Le phénomène préoccupe également la vice-présidente de la SANB.

«Toute la communauté doit se mobiliser pour que les francophones soient plus conscients de leur identité et de l’importance de conserver leur langue et leur culture», assure Jeanne d’Arc Gaudet.

Voici les points saillants du recensement de 2011 sur la langue de la population canadienne. Ces données ont été récoltées en 2011 et rendues publiques mercredi.

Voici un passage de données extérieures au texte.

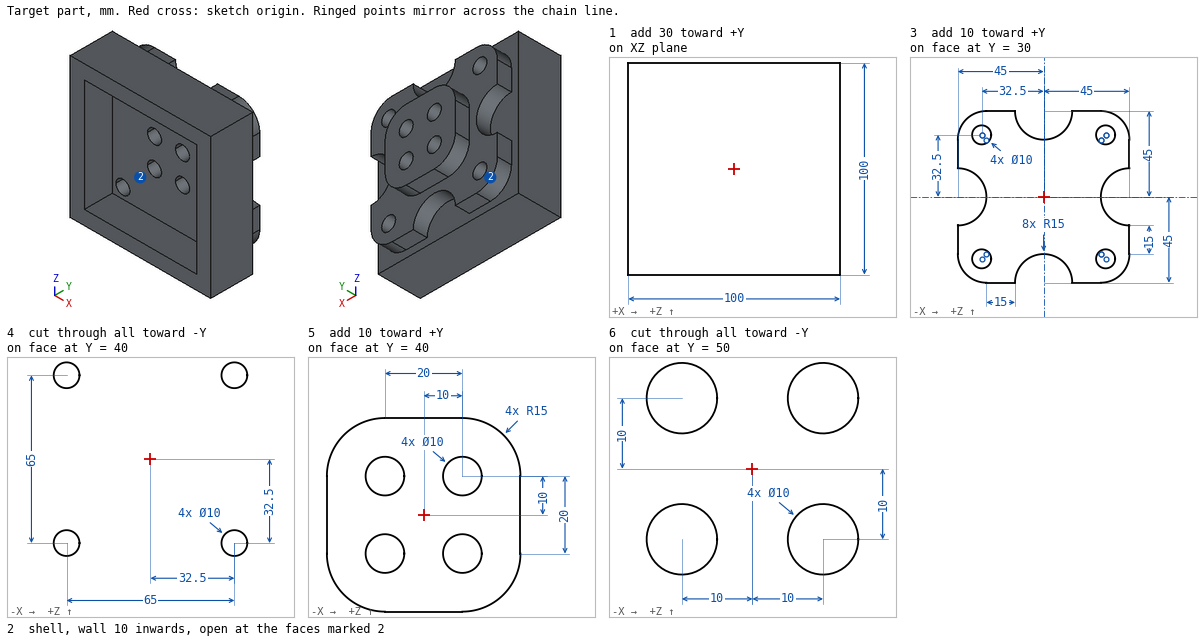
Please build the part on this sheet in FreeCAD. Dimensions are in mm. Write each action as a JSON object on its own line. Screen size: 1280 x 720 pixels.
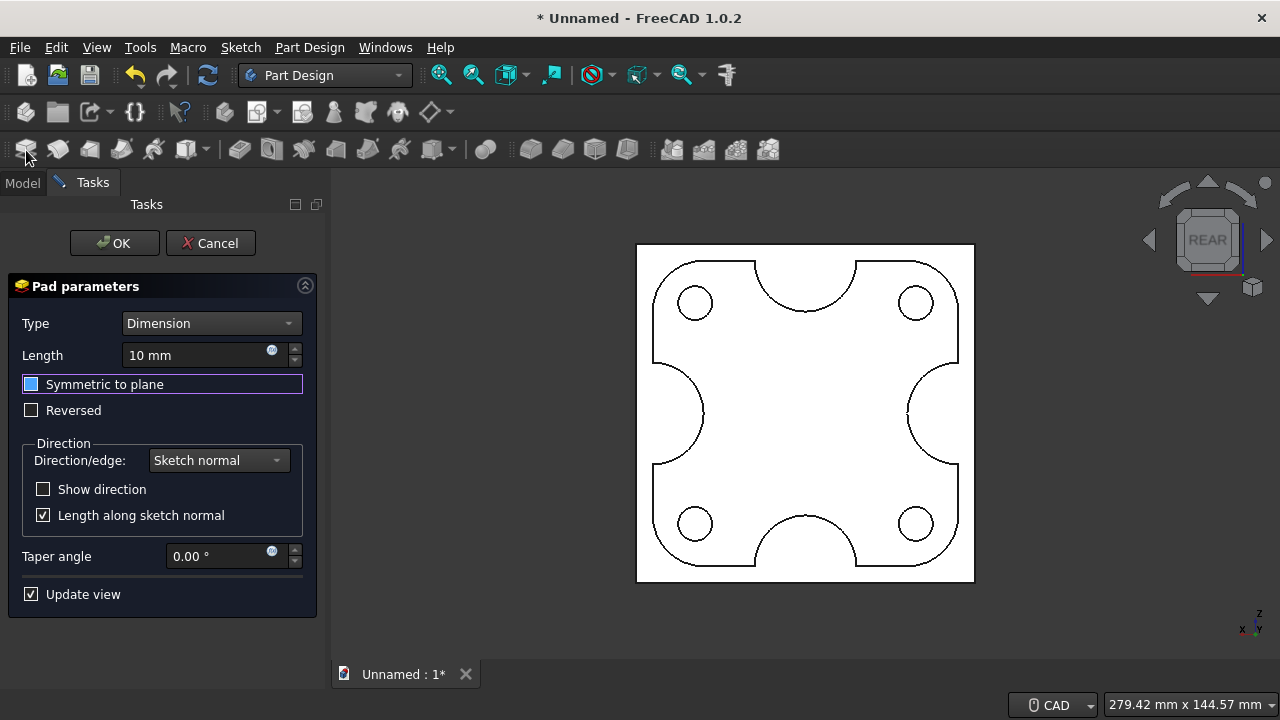
{"action": "left_click", "coordinate": [115, 243]}

– Un cinquième de la population du Canada parlait à la maison une langue autre que le français ou l’anglais en 2011;

– Plus de 200 langues ont été déclarées au Canada en 2011;

– 58 % de la population canadienne parlaient uniquement l’anglais à la maison alors que 18,2 % parlaient seulement le français;

– L’utilisation de plusieurs langues à la maison a augmenté, passant de 9,1 % en 2006 à 11,5 % en 2011;

– Les langues parlées à la maison affichant la plus forte croissance de 2006 à 2011 étaient principalement des langues asiatiques;

– Près de 10 millions de personnes ont affirmé pouvoir soutenir une conversation en français alors qu’ils étaient 9,6 millions en 2006;

– La proportion des personnes capables de parler le français s’est légèrement repliée pour atteindre 30,1 % en 2011 par rapport à 30,7 % il y a cinq ans;

– Au sein de la population canadienne, la proportion de ceux qui ont le français comme langue maternelle est passée de 22,3 % à 22 % en 2011;

– Au Québec, ceux qui ont déclaré le français comme langue maternelle a diminué de 80,1 % à 79,7 %;

– À l’extérieur du Québec, les francophones de langue maternelle sont aussi en baisse au niveau de leur poids relatif, passant de 4,3 % à 4,2 %;

– À Montréal, 16,5 % des citoyens ont dit parler une langue immigrante le plus souvent à la maison;

– De toutes les provinces, c’est en Alberta que le taux d’accroissement de la population ayant le français comme langue maternelle ou comme langue parlée le plus souvent à la maison a été le plus important entre 2006 et 2011. Avec une hausse de 13 000 personnes, il s’agit d’une augmentation de plus de 18 % de son effectif.